Calvin Marlin

Personal information
- Full name: Calvin Donovan Marlin
- Date of birth: 20 April 1976 (age 49)
- Place of birth: Port Elizabeth, South Africa
- Height: 1.83 m (6 ft 0 in)
- Position(s): Goalkeeper

Senior career*
- Years: Team / Apps / (Gls)
- 1996–1998: Michau Warriors
- 1998–1999: Seven Stars / 17 / (0)
- 1999: → Cape Town Spurs (loan) / 11 / (0)
- 1999–2003: Ajax Cape Town / 107 / (0)
- 2003–2006: SuperSport United / 122 / (0)
- 2006–2013: Mamelodi Sundowns / 73 / (0)
- 2013–2015: Mpumalanga Black Aces / 0 / (0)

International career
- 2002–2009: South Africa / 16 / (0)

= Calvin Marlin =

South African footballer

Calvin Donovan Marlin (born 20 April 1976 in Port Elizabeth, Eastern Cape) is a retired South African football goalkeeper who works as a goalkeeping coach for Cape Town City.

He played club football for Michau Warriors, Seven Stars, Ajax Cape Town, SuperSport United, Mamelodi Sundowns and Mpumalanga Black Aces as well as representing South Africa internationally.

Marlin was a participant at the 2002 FIFA World Cup.

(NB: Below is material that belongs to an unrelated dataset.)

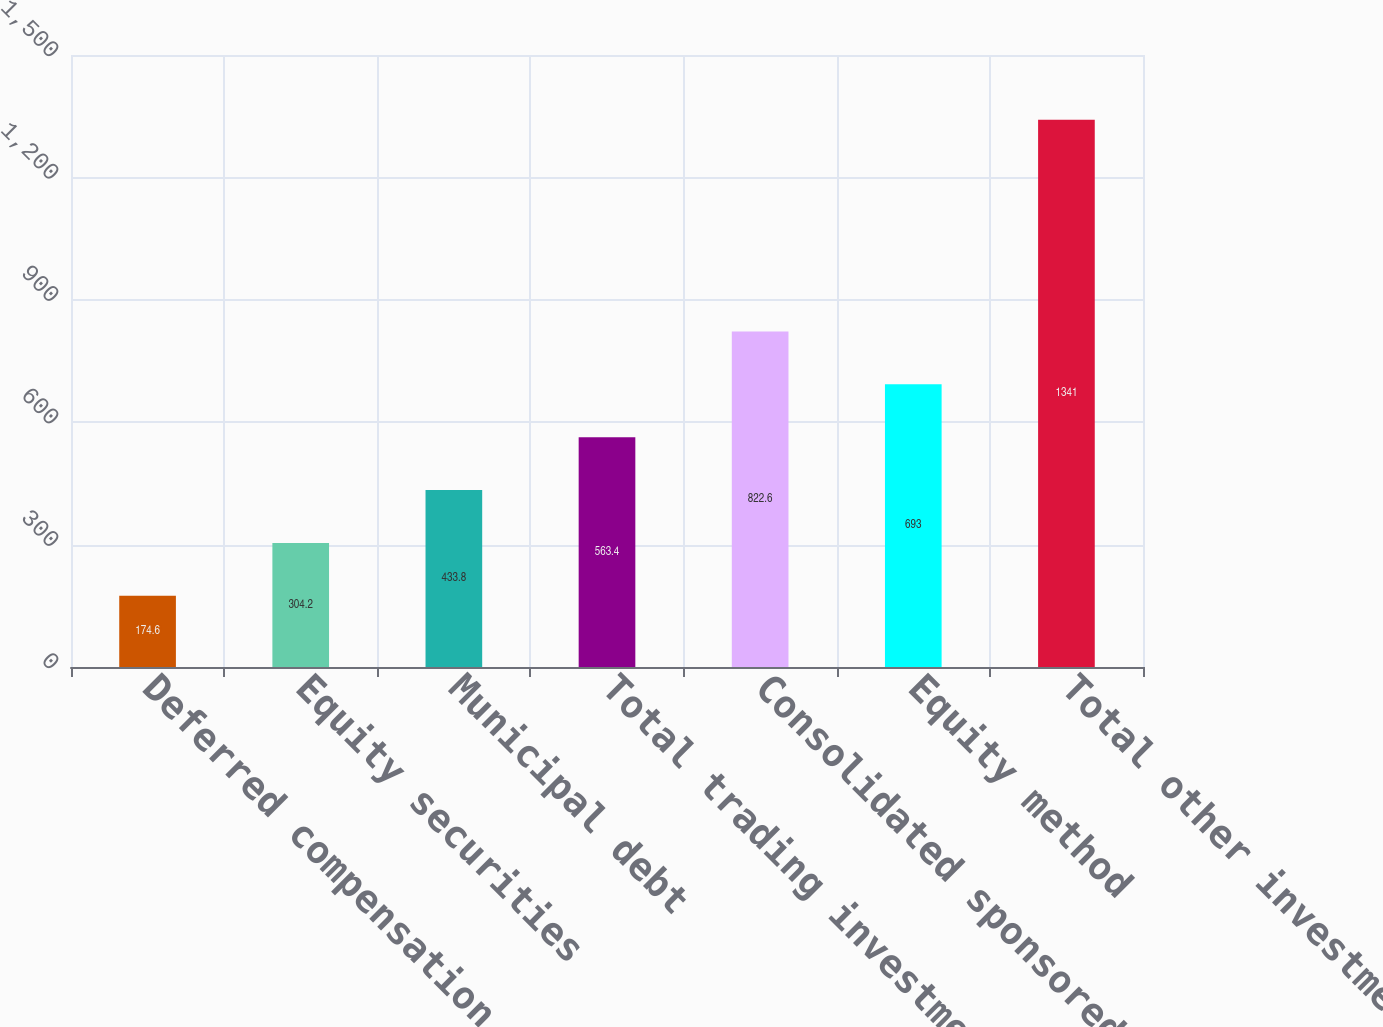Convert chart. <chart><loc_0><loc_0><loc_500><loc_500><bar_chart><fcel>Deferred compensation plan<fcel>Equity securities<fcel>Municipal debt<fcel>Total trading investments<fcel>Consolidated sponsored<fcel>Equity method<fcel>Total other investments<nl><fcel>174.6<fcel>304.2<fcel>433.8<fcel>563.4<fcel>822.6<fcel>693<fcel>1341<nl></chart>

He was South Africa's first choice keeper at the 2006 African Nations Cup in Egypt and was capped 16 times.

He kicks left-footed but throws right-handed.

==Coaching career==
Marlin was appointed assistant coach of Ajax Cape Town in 2017, later becoming interim head coach.

After departing Ajax, he was appointed head coach of Cape Town All Stars and later goalkeeping coach of Cape Town Spurs before departing during the 2023–24 season after Spurs had suffered seven consecutive defeats at the start of the season.